04/13/2007 12:00AM

Can't judge Street Sense by numbers


PHOENIX - The tendency every year is to say this is the most contentious Kentucky Derby or the most difficult to handicap. Well, this year it may actually be true.

I can't remember a Derby with so many question marks up and down the ranks. And for several Derby horses these questions aren't related to the usual subjects - talent or stamina. Instead they are about the path these horses have taken to get to the Derby, and how their connections hope the strategy will come together on May 5.

Many of this year's top contenders are bucking trends. Street Sense is trying to become the first Breeders' Cup Juvenile winner to win the roses, and will try to do it with just two starts this year. Since Jet Pilot in 1947 only Sunny's Halo (1983) has won the Derby off just two races at 3. Great Hunter and Circular Quay are trying the same thing.

Then there's the layoff angle. Barbaro did something different last year, winning the Derby off five weeks' rest, but Circular Quay and Hard Spun could be going into the Derby off much longer layoffs. Curlin is trying to do it with the fewest number of starts (three).

The way those three horses are coming into the Derby bothers me. First off, Circular Quay's eight-week layoff wasn't planned. Hard Spun, meanwhile, looked good winning the Grade 2 Lane's End on March 24, so why the extended vacation? He seemed to be back on track after the race. Curlin is obviously quite talented, but can three starts possibly be enough to prepare him for such a grueling test?

Street Sense's situation, while certainly going against the numbers, isn't as distressing.

First, let's dispel the whole Breeders' Cup Juvenile-Kentucky Derby thing. There are two reasons a Breeders' Cup Juvenile winner hasn't won the Derby. First, going 1 1/16 miles in fall against a bunch of 2-year-olds, many of who are sprinters, is entirely different than going 10 furlongs against some legitimate distance horses six months later. You're asking a young horse to peak in the fall of his juvenile season and then asking him to peak again just six months later, while playing a different game. It's incredibly difficult, and it will take a special horse to succeed in both.

The other reason it hasn't happened yet is that horses are so much more mature at 3 than at 2. You can equate it to humans going from junior high to high school.
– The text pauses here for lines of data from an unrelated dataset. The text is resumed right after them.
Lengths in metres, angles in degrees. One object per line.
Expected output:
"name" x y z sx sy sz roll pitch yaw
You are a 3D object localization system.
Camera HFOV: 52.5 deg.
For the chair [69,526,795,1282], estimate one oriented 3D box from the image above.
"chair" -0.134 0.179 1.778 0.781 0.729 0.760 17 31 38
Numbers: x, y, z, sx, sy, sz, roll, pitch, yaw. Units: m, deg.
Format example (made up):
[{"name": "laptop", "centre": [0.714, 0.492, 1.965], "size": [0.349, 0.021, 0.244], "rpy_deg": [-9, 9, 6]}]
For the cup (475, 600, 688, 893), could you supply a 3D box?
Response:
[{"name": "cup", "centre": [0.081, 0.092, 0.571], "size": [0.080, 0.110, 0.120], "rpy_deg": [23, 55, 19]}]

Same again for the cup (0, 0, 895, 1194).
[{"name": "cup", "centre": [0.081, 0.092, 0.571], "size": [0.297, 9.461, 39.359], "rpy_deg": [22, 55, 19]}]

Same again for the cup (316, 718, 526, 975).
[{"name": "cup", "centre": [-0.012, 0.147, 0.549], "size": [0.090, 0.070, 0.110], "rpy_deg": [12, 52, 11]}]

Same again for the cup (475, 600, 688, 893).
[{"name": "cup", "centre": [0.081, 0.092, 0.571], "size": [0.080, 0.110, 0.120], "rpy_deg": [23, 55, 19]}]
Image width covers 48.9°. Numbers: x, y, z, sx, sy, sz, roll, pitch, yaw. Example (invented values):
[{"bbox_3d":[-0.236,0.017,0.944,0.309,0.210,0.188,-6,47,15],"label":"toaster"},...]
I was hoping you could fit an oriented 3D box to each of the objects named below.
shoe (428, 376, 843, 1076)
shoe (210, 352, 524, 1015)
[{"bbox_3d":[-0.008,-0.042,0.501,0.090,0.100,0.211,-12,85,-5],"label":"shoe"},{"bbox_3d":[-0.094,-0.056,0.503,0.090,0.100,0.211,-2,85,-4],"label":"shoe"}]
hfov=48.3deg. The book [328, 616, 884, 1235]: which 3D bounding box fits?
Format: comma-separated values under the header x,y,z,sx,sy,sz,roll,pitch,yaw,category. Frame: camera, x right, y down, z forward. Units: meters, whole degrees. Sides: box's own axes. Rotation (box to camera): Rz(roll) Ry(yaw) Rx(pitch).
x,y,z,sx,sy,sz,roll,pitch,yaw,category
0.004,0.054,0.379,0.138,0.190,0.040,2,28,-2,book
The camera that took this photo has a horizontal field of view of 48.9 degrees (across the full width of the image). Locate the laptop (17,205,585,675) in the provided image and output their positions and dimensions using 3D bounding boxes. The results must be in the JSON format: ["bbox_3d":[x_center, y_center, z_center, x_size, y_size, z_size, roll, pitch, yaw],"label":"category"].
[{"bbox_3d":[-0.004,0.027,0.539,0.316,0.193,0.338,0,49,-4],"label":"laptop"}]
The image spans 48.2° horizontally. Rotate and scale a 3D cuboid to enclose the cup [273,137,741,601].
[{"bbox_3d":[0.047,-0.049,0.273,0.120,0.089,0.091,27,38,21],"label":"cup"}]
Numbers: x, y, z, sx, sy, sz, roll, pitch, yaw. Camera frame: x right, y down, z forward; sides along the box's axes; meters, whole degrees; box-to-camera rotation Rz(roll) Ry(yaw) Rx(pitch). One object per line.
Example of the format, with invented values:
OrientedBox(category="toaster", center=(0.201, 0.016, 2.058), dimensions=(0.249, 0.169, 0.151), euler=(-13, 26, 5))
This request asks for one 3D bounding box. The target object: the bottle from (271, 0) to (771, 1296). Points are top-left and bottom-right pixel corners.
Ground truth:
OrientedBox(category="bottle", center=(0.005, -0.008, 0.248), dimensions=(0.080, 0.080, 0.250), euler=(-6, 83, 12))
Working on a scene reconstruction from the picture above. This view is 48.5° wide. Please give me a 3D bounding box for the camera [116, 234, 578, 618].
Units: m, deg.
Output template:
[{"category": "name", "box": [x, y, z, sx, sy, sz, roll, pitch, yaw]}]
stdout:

Kids who dominated the sports in junior high are often surpassed by slower-to-mature athletes in high school.

I don't think giving a horse only two starts before the Derby necessarily precludes the horse from winning. It's not so much the number of races that's important but the reason behind the horse's schedule. Often a horse has a limited schedule because of a physical problem, and that doesn't seem to be the case with Street Sense.

I don't believe having just two races at 3 going into the Derby prevented Native Dancer (second), Summer Tan (third), Bold Arrangement (second), Best Pal (second), Victory Gallop (second), Peace Rules (third) or Lion Heart (second) from running top races. I believe in each case those horses fired - they simply got beat. It happens. I think having two races instead of three meant nothing in terms of their Derby performances.

Last year Barbaro had three races in 2006 going into the Kentucky Derby, and one of those races was on Jan. 1. Are you telling me that if that race had been 24 hours earlier, on Dec. 31, 2005, he would not have won the Derby?

Maybe Carl Nafzger knows what he's doing with Street Sense. Maybe three prep races are too many for a horse who had a grueling juvenile season topped off by a championship.

Street Sense, regardless of what happened in Saturday's Grade 1 Blue Grass, may come acropper at Churchill Downs May 5. That doesn't mean Nafzger did the wrong thing. It's a fluid game, and it requires flexible thinking. Training horses is not all science; there's a lot of art to it.

Nafzger won the Derby in 1990 with Unbridled, so he knows what it takes to win the race. He also knows that you have to treat each horse as an individual. Statistics and numbers are wonderful, but they don't show you everything. It's still all about the horse.